И сама идея продления эллинства в славянстве, отражения языка-зеркала во втором языке-зеркале, — та идея, что одушевляет собой поэтику Иванова в целом, — структурно оказывается частью самой этой поэтики, где главенствует принцип отражения, повтора, воспроизведения частью целого. И даже эта указанная только что самовключенность вновь говорит все о той же микрокосмичности и взаимоотраженности. Символика зеркала (связанная и с дионисийскими мифами, и с философскими идеями) <44>, идея микрокосмичности в системе повторов и антитез воспроизведены конструкцией, которая оказывается не менее богатой и склонной к саморазвитию, нежели прямые идеологизированные формулировки. Речь не идет о смысле каждой конкретной реализации того или иного приема, но о смысле приобретаемом ею от целого, отраженно, «микрокосмично». В этом ракурсе и впрямь можно сказать, что Иванова следует читать лишь «целиком» (хотя в действительности в силу той же микрокосмичности достаточно как следует войти в этот мир, чтобы из каждой его частички он был бы виден «весь»).
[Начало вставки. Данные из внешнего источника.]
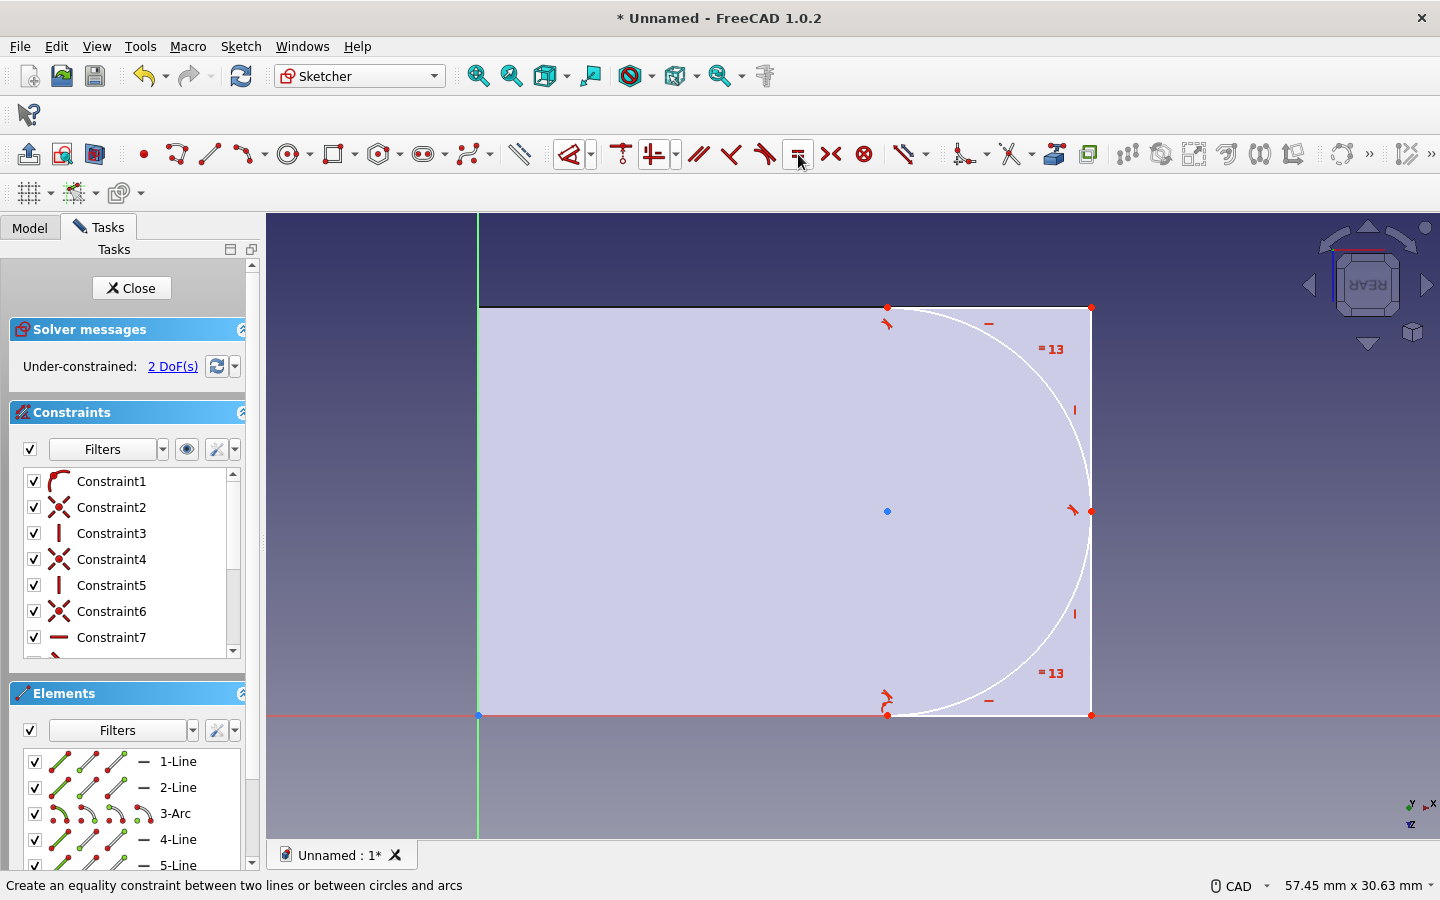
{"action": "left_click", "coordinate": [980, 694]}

Те же особенности в смягченном виде сохраняются и в «Нежной тайне», и в «Свете вечернем». У «обновленного», умолкающего, все время ощущающего себя на грани «области немоты» Иванова тоталитарная узда существенно ослабляется — даже самим этим осязаемым присутствием «заповедной черты». Соответственно редеют (не исчезая полностью) и архаизмы, и инверсии, и звуковые повторы, и антитетические тавтологии. Отдельная тема — это странное, до конца не состыковывающееся сочетание обретаемой «внесемиотической» предметности и вошедшего в плоть и кровь развоплощающего смыслопорождения, неуверенное колебание от одного к другому, придающее даже какое-то необычное очарование иным поздним его стихам:
Ветер, пахнущий снегом и цветами,
Налетел, засвистел в снастях и реях,
Вырываясь из узкого ущелья
На раздолье лазоревой равнины.
Как Тритон, протрубил он клич веселья,
Вздох весенний кавказского Борея,
Вам, курносые, скользкие дельфины,
Плясуны с крутогорбыми хребтами.
На гостины скликал вас, на веснины,
Стеклоокого табуны Нерея,
С силой рвущийся в устье из ущелья
Ветер, пахнущий снегом и цветами.
Его дельфины теперь — «курносые, скользкие», и тут же — «стеклоокого табуны Нерея»: с мифологическим контекстом, инверсией и сложным прилагательным. Цикада — уже не «скрежетопильная» или «молотобойная», как в «Прозрачности», ее «молоты стройные» превращаются в «молоточки», которыми она щекочет пальцы, — и эта неожиданная нежная осязаемость не препятствует сохранению мифологической значимости — цикада остается и «муз любимицей», и «вдохновенной вещуньей» (с соответствующими античными аллюзиями). Даже во вступлении к «Нежной тайне» с его фейерверком «отражений» и повторов: «Рок ли стройно движут струны? / Или лирник — темный Рок?..» — с его столь знакомой символичностью — вдруг, чуть заметный сдвиг интонации: «за гребцами, у кормы» — не свойственное прежнему Иванову, не просемантизированное без остатка уточнение. И там же: «Слышу трепет крыльев мощных» — тоже новая нота, раньше он, пожалуй, сказал бы как-нибудь так: «Кто-то машет крыльями», — выделяя не свое восприятие, но пускай и неопределенную, но «объективную» реальность. Да и сколько тут — не в данном только стихотворении, а и во всей поздней лирике Иванова — вопросов, настоящих, со всем богатством интонации неведения и недоумения: «Не весна ль?..», «Что там сверкает?..», «Кто вас губит?..». Смысл порождается не вопросом, а ответом — недаром столь беден на истинные вопросы «Cor Ardens». В этих вопросах — в никуда, никому — тоже звучит какая-то расслабленность, нарастающее отчуждение от жизни:
Словно я лежу, смертельно ранен,
В темном поле; бой вдали кипит;
На меня ленивый дождь кропит;
И не бой, а дождь ленивый странен.
Я под окрайнюю сяду чинару —
Сонной мечтой убегающий парус
В миф провожать, в розовеющий пар.
с этим эхом звукового повтора — как бы эхом самого этого прежде столь самоуверенного приема. Впрочем, поэтика позднего Иванова, поэтика легких сдвигов и непритертостей (вспомним хотя бы эти «бредные лозы» в почти пастернаковском «Сентябре») — требует, повторим, особого разговора. И состояться он может лишь после фиксации основных «параметров» той части поэзии Иванова, которая была, в отличие от большинства стихов «Света вечернего», отнюдь не периферийной участницей литературных битв.